**** Data for review ****
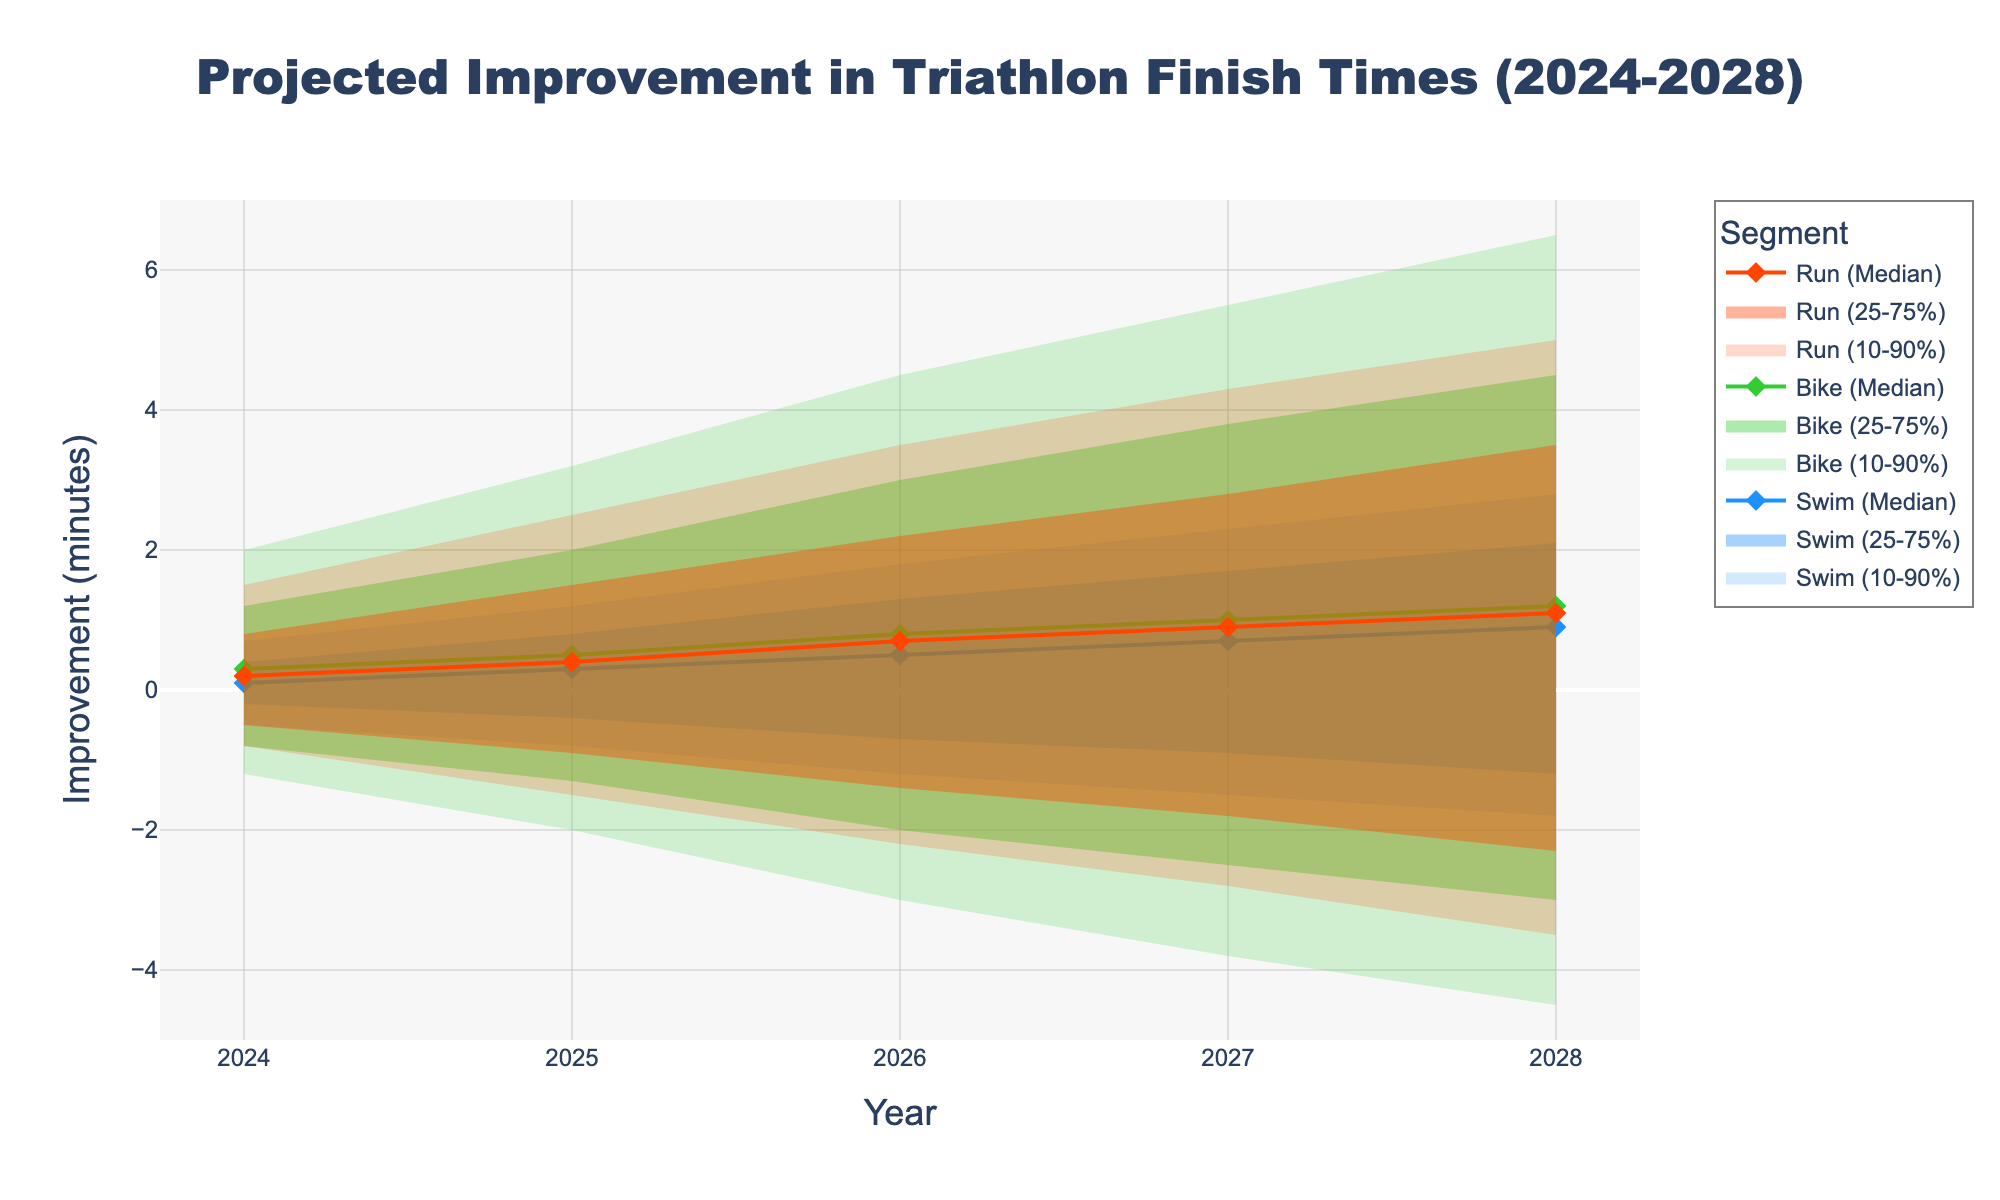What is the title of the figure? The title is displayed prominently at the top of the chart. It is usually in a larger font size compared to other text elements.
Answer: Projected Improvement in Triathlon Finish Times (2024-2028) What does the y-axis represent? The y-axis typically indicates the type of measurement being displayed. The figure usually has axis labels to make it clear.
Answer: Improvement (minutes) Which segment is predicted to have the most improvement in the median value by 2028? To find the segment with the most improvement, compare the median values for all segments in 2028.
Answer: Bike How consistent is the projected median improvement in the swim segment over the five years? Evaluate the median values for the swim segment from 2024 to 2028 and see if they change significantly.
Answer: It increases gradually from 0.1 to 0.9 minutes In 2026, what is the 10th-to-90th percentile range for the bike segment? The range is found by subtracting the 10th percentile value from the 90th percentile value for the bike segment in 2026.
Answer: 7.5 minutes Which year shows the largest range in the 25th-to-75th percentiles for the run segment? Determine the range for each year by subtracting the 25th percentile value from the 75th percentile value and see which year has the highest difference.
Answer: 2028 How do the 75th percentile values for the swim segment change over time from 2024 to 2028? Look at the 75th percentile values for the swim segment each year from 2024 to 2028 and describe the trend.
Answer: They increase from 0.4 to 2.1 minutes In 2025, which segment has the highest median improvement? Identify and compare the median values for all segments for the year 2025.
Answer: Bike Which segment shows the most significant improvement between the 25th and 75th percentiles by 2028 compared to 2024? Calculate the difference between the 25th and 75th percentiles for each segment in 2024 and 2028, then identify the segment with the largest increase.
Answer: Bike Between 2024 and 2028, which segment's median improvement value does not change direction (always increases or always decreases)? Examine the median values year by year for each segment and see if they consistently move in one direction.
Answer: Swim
****
**Your task**. Only the text of the records is to be reproduced exactly; skip the pictures.

**Output for this task**.
What is the title of the figure? The title is displayed prominently at the top of the chart. It is usually in a larger font size compared to other text elements.
Answer: Projected Improvement in Triathlon Finish Times (2024-2028) What does the y-axis represent? The y-axis typically indicates the type of measurement being displayed. The figure usually has axis labels to make it clear.
Answer: Improvement (minutes) Which segment is predicted to have the most improvement in the median value by 2028? To find the segment with the most improvement, compare the median values for all segments in 2028.
Answer: Bike How consistent is the projected median improvement in the swim segment over the five years? Evaluate the median values for the swim segment from 2024 to 2028 and see if they change significantly.
Answer: It increases gradually from 0.1 to 0.9 minutes In 2026, what is the 10th-to-90th percentile range for the bike segment? The range is found by subtracting the 10th percentile value from the 90th percentile value for the bike segment in 2026.
Answer: 7.5 minutes Which year shows the largest range in the 25th-to-75th percentiles for the run segment? Determine the range for each year by subtracting the 25th percentile value from the 75th percentile value and see which year has the highest difference.
Answer: 2028 How do the 75th percentile values for the swim segment change over time from 2024 to 2028? Look at the 75th percentile values for the swim segment each year from 2024 to 2028 and describe the trend.
Answer: They increase from 0.4 to 2.1 minutes In 2025, which segment has the highest median improvement? Identify and compare the median values for all segments for the year 2025.
Answer: Bike Which segment shows the most significant improvement between the 25th and 75th percentiles by 2028 compared to 2024? Calculate the difference between the 25th and 75th percentiles for each segment in 2024 and 2028, then identify the segment with the largest increase.
Answer: Bike Between 2024 and 2028, which segment's median improvement value does not change direction (always increases or always decreases)? Examine the median values year by year for each segment and see if they consistently move in one direction.
Answer: Swim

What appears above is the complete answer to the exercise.